I have made some reasonable assumptions: the spaces at the beginning and end of the chains are ignored, the case difference is not significant, and the order of the words in the tuple is irrelevant.
With these hypotheses, the code that would process the list that you set as an example would be the following. I use standard python libraries to facilitate the task, such as itertools.combinations()
to generate the tuples of each row, or collections.defaultdict()
to have a dictionary that is automatically initialized with 0 the first time an element is inserted.
import itertools
import collections
lines_res = [['Energy', ' Environmental', ' Supply', ' Health '],
['Energy', ' Health', 'OR in health services', ' Supply '],
[' Inventory', ' Supply']]
pares = collections.defaultdict(int)
for fila in lines_res:
# Eliminar espacios al principio y final y pasar a minúsculas
fila = (palabra.strip().lower() for palabra in fila)
for caso in itertools.combinations(fila, 2):
# Reordenar alfabeticamente la tupla para el orden no importe
caso = tuple(sorted(caso))
# Incrementar ese caso (gracias a defaultdict empieza siendo 0)
pares[caso]+=1
The result is:
{('energy', 'environmental'): 1,
('energy', 'health'): 2,
('energy', 'or in health services'): 1,
('energy', 'supply'): 2,
('environmental', 'health'): 1,
('environmental', 'supply'): 1,
('health', 'or in health services'): 1,
('health', 'supply'): 2,
('inventory', 'supply'): 1,
('or in health services', 'supply'): 1}
What I suppose is what you were looking for (although it is not what comes out executing the code that you put in, because you did not ignore the spaces).
Pandas dataframes
Now, if the data instead of being in a list is in a pandas dataframe, I'm going to assume that in that dataframe each row corresponds to one of the elements of your list.
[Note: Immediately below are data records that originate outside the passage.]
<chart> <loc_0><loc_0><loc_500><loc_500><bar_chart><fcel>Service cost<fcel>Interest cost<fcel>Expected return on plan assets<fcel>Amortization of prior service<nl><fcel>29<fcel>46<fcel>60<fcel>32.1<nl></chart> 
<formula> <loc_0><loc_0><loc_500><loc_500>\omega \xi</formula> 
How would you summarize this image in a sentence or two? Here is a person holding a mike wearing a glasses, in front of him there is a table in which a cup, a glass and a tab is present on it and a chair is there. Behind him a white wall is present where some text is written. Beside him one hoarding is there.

This creates some problems, since in your example not all rows are of the same length, so there will be None
in some of the cells.
In short, I suppose this is the dataframe:
>>> df = pd.DataFrame(lines_res)
In that case you can iterate through each row using df.iterrows()
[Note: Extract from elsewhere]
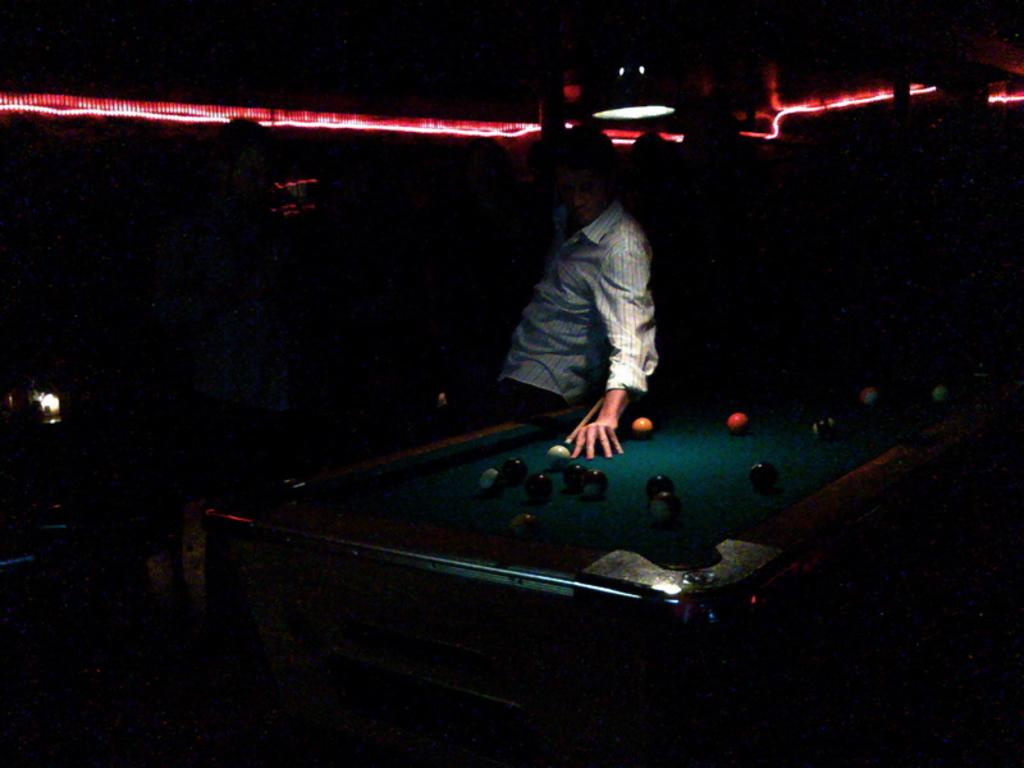What is the main object in the image? There is a snooker table in the image. What is the man in the image doing? A man is playing snooker in the image. How would you describe the lighting in the image? The background of the image is dark. Can you describe any additional lighting in the image? There is a red light at the top of the image. What type of breath can be seen coming from the man's mouth in the image? There is no visible breath coming from the man's mouth in the image. What kind of apparel is the man wearing in the image? The provided facts do not mention the man's apparel, so we cannot determine what he is wearing. --- Facts: 1. There is a car in the image. 2. The car is parked on the street. 3. There are trees on both sides of the street. 4. The sky is visible in the image. 5. The car has a red color. Absurd Topics: bird, ocean, mountain Conversation: What is the main subject of the image? The main subject of the image is a car. Where is the car located in the image? The car is parked on the street. What can be seen on both sides of the street? There are trees on both sides of the street. What is visible in the background of the image? The sky is visible in the image. What color is the car in the image? The car has a red color. Reasoning: Let's think step by step in order to produce the conversation. We start by identifying the main subject of the image, which is the car. Then, we describe the location of the car, noting that it is parked on the street. Next, we focus on the surrounding environment, mentioning the trees on both sides of the street and the visible sky. Finally, we provide information about the car's color, which is red. Absurd Question/Answer: Can you see any birds flying over the ocean in the image? There is no ocean or birds visible in the image; it features include a car, trees, and the sky. Are there any mountains visible in the background of the image? There are no mountains visible in the image; the background consists of trees and the sky.

. This function returns one tuple per row. The first element is the index of the row (which we can ignore) and the second is a pandas.Series
with the contents of the row, by which you can iterate normally (but beware, you have to skip the None
).
The following code would process this dataframe (it is analogous to the one I used before for the list, but with the mentioned precautions):
pares = collections.defaultdict(int)
for _, fila in df.iterrows():
fila = (palabra.strip().lower() for palabra in fila if palabra is not None)
for caso in itertools.combinations(fila, 2):
caso = tuple(sorted(caso))
pares[caso]+=1
The code uses generators to generate the elements to be processed. For example, the assignment to fila
does not produce a list (that would consume memory), but a lazy generator that only produces values as an iterator asks for them. itertools.combinations()
also returns a generator instead of a list. As a result, memory is not being wasted by storing intermediate lists, and this code could process large volumes of information.